For homes purchased after July 29, 1999, loans backed by the Federal Housing Administration (FHA), Veterans Affairs (VA), or any other federal program are also covered by the HPA.

Lenders must notify borrowers that they have the right to request cancellation of PMI once the loan balance reaches 80% of the original value of the home, as long as they are current on their loan payments.

The HPA gives borrowers the right to request a PMI cancellation once the loan balance reaches 80% of the original value of their home, as long as they are current on their loan payments. The HPA also requires lenders to automatically cancel PMI when the loan balance reaches 78% of original value, unless the borrower requests otherwise.

The Mortgage Insurance Premium

The Mortgage Insurance Premium (MIP) is insurance that protects the lender in the event that you default on your loan. The MIP is required for all FHA loans, and is usually an annual premium that is paid in monthly installments along with your mortgage payment. The amount of the premium varies based on the loan amount, the length of the loan, and the initial loan-to-value ratio (LTV), but typically ranges from 0.45% to 1.05% of the loan amount.

The Settlement Statement

The first document you’ll see is the settlement statement, or “HUD-1.” It itemizes all the costs involved in buying or refinancing a home.
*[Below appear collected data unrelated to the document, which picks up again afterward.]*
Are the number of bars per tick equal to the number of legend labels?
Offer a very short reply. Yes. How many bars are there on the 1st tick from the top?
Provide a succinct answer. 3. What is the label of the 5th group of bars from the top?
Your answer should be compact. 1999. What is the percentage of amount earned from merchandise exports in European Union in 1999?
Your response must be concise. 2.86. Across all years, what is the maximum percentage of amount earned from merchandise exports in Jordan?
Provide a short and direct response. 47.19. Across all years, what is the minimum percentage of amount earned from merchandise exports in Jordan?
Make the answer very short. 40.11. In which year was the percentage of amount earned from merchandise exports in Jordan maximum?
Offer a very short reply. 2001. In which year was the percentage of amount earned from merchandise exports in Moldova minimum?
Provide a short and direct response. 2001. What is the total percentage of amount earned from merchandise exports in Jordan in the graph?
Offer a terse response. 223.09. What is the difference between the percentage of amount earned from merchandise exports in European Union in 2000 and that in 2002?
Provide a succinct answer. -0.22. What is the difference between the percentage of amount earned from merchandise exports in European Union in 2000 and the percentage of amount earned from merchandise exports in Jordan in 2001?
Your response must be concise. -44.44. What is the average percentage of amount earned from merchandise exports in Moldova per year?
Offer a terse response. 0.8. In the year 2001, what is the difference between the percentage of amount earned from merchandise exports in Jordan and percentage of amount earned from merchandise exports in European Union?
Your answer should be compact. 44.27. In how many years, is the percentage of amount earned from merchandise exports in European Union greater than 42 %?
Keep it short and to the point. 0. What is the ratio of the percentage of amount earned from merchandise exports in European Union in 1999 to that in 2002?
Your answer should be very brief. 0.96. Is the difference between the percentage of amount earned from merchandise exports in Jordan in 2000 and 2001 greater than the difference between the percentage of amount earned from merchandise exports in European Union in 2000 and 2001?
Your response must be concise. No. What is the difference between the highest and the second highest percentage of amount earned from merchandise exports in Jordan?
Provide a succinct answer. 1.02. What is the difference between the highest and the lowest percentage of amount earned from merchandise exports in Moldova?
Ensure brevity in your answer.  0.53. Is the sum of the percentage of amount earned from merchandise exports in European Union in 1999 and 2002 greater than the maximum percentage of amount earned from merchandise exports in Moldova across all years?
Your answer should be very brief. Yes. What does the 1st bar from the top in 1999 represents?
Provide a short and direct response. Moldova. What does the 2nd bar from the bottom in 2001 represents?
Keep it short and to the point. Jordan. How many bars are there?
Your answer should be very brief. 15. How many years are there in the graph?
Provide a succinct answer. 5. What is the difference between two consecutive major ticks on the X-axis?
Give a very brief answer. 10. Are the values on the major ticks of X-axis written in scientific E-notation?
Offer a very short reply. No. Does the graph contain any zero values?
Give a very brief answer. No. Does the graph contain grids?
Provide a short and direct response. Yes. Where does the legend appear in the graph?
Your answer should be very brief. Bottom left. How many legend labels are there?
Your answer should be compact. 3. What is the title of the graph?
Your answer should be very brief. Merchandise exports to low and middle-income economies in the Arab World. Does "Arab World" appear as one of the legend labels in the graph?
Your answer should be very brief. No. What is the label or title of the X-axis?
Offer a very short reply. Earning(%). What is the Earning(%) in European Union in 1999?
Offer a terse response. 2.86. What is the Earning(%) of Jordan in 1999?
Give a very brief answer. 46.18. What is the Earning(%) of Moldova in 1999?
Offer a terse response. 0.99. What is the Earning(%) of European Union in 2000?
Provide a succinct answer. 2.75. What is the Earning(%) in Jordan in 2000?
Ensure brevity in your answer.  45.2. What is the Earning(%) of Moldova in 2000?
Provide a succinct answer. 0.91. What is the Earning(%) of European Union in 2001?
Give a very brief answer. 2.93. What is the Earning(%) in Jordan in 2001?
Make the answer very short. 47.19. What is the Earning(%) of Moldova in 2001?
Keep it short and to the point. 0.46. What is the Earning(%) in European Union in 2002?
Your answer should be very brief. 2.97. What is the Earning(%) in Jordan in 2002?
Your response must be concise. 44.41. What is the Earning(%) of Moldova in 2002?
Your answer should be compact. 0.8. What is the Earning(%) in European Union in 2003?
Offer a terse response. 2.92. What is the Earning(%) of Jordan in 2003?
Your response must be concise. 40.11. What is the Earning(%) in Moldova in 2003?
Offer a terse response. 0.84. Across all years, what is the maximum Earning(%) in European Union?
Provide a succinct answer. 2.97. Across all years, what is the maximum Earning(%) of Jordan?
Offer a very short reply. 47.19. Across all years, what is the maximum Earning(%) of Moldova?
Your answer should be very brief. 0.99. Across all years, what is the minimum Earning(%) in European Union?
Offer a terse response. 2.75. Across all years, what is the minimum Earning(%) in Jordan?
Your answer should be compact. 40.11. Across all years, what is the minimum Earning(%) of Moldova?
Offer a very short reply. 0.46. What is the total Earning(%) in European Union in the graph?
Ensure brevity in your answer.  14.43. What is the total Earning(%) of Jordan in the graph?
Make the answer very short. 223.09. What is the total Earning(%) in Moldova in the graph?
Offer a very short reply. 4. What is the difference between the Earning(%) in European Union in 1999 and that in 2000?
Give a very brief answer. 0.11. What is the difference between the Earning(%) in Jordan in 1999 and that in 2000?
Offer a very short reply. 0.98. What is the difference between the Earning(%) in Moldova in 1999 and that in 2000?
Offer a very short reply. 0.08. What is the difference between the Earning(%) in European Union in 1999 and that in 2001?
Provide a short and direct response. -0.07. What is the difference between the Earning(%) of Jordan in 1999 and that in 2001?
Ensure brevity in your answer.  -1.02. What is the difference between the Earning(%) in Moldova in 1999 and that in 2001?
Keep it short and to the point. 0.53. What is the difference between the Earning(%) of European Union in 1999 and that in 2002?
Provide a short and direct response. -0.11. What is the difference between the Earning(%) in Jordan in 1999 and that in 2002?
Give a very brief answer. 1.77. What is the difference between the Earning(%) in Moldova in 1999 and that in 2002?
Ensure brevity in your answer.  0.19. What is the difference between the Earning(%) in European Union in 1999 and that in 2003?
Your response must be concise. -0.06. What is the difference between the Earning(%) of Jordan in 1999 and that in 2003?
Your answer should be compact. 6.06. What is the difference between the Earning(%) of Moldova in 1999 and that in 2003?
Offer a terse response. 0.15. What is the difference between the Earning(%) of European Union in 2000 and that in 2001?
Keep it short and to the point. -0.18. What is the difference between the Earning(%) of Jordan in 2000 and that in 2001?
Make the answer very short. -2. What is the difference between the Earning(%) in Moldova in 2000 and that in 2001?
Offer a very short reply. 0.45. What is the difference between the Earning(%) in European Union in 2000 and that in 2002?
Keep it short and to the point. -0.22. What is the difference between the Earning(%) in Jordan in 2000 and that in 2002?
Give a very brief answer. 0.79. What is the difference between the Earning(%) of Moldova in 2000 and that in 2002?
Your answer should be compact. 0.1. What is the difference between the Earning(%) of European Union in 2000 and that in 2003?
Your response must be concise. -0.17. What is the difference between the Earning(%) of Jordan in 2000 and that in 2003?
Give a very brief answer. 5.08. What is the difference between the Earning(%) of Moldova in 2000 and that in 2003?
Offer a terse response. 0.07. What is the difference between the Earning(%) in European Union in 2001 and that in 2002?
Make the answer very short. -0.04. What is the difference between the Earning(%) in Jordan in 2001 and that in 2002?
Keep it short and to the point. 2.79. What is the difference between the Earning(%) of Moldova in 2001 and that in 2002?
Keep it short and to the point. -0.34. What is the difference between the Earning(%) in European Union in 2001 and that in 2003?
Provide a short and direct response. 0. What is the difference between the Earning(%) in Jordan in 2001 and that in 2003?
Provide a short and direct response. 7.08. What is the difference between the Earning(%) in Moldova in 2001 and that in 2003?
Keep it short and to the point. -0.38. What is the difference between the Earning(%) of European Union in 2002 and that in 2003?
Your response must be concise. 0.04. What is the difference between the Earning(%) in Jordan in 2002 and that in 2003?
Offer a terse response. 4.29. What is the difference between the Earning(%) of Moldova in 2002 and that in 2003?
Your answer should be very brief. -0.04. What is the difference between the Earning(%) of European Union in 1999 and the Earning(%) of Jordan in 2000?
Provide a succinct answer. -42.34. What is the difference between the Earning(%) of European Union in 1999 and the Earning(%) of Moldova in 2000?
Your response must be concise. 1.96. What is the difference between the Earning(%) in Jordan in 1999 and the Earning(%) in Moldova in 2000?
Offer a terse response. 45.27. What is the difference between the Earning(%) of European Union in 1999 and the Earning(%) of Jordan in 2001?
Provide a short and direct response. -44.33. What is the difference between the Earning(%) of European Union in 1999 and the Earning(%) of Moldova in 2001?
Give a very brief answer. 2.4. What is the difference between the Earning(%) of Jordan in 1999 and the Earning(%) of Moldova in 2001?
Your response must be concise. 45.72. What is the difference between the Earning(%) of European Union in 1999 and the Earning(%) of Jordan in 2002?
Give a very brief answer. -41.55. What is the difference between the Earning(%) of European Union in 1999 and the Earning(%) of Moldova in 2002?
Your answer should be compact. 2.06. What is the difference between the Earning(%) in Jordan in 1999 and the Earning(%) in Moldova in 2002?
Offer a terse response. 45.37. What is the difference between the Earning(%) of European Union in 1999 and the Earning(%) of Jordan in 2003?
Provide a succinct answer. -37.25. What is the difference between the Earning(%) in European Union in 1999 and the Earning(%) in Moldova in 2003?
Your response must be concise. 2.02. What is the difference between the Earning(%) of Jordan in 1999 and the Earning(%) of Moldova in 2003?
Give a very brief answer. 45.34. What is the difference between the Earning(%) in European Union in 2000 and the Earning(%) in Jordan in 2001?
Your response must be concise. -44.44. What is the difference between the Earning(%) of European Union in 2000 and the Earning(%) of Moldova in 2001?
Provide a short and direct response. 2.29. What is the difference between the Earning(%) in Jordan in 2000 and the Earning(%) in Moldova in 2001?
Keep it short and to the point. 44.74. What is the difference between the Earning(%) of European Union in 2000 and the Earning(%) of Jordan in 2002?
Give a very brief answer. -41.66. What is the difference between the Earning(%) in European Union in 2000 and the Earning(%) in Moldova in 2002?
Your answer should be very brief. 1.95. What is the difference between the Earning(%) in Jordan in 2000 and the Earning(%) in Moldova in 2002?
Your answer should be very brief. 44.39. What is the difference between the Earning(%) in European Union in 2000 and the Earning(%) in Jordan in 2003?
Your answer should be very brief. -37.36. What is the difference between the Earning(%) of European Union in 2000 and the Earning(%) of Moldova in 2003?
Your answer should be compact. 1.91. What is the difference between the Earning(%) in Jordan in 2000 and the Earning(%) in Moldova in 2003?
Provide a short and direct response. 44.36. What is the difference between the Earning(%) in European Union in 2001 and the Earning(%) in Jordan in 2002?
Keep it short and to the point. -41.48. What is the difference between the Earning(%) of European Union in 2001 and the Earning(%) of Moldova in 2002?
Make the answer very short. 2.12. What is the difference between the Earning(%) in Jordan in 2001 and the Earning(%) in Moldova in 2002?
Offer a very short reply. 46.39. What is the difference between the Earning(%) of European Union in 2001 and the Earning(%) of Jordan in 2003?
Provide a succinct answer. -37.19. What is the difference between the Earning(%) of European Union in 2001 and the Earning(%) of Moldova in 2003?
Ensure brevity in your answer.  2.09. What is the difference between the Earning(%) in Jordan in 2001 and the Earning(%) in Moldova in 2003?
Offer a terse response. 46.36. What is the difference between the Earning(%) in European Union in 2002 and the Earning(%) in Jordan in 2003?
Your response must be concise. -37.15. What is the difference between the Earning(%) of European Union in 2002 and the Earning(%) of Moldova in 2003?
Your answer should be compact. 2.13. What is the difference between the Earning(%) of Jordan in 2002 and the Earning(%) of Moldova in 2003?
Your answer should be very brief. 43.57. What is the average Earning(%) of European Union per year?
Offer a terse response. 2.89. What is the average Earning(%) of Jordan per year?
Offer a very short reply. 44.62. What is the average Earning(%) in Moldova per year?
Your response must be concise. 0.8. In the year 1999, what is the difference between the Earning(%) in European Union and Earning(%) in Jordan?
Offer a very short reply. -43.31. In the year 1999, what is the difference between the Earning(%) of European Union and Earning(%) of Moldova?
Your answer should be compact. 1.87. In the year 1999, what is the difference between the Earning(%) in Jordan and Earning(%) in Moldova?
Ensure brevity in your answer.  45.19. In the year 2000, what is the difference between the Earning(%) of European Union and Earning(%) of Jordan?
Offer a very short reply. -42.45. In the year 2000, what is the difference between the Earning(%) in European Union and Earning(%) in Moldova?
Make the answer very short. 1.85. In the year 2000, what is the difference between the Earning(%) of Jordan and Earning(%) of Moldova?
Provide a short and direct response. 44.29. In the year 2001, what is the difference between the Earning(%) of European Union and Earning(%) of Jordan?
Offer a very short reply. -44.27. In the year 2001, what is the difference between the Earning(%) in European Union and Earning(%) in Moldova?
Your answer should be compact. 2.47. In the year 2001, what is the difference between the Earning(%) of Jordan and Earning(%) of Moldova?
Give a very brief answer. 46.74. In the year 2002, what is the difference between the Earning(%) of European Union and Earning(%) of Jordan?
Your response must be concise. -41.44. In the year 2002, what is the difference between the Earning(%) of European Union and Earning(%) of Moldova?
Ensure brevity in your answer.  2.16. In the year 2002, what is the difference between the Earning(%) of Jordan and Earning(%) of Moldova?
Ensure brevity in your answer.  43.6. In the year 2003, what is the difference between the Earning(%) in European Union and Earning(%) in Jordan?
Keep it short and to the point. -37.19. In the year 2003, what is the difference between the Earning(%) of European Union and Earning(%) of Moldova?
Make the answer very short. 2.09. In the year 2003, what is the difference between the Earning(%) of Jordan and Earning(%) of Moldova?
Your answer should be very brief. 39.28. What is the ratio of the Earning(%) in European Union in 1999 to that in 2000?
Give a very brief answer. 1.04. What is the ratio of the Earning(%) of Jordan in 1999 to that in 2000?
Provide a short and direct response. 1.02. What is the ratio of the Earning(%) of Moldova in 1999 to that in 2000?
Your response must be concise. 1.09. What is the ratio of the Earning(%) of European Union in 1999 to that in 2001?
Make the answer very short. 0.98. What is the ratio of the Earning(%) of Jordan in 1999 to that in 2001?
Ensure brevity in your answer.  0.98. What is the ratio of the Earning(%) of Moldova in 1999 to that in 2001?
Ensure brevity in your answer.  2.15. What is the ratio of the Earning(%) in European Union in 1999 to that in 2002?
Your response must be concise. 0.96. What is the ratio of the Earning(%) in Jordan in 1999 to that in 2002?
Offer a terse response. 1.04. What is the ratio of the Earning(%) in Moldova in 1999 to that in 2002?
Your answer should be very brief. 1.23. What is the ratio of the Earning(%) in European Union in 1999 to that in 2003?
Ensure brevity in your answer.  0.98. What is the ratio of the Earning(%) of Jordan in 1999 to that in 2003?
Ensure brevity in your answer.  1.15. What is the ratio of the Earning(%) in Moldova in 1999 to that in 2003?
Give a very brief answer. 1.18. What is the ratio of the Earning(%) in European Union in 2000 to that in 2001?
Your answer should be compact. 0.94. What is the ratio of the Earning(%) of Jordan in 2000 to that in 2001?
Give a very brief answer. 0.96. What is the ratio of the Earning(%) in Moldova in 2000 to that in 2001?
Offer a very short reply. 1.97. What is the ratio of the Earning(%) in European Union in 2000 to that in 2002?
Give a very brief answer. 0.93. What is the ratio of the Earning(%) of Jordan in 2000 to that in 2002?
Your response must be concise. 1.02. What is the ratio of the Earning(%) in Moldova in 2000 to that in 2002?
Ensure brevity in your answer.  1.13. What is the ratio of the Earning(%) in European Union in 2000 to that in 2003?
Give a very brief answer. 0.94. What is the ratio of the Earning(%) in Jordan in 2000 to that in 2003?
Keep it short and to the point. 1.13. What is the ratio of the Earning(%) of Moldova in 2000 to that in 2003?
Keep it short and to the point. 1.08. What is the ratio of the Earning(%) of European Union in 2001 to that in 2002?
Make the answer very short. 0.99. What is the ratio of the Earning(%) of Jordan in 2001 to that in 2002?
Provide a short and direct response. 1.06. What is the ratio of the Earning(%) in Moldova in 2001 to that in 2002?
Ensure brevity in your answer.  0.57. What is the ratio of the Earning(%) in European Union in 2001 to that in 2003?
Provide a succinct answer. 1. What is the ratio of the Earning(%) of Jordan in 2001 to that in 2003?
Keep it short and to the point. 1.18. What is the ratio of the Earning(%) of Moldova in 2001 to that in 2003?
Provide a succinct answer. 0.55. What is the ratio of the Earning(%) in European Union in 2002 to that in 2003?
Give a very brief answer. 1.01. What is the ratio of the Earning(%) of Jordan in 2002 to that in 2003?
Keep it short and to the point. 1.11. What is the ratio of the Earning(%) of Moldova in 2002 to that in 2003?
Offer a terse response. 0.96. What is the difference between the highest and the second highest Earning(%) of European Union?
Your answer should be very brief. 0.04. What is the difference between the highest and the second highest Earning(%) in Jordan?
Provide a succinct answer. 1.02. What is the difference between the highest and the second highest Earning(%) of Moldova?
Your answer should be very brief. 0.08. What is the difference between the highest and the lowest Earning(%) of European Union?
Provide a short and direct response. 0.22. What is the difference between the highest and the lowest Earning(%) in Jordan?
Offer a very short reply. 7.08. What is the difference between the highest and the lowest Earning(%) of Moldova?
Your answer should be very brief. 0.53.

The loan amount is listed as “loan funds” at the top right of the settlement statement. This is the amount you’re borrowing.

The next section breaks down all of the costs associated with the loan, including points, origination fees, appraisal fees, title insurance and escrow fees.

The final section of the HUD-1 shows how much money you’ll need to bring to closing. This includes your down payment and any prepaid interest or escrow funds required by the lender.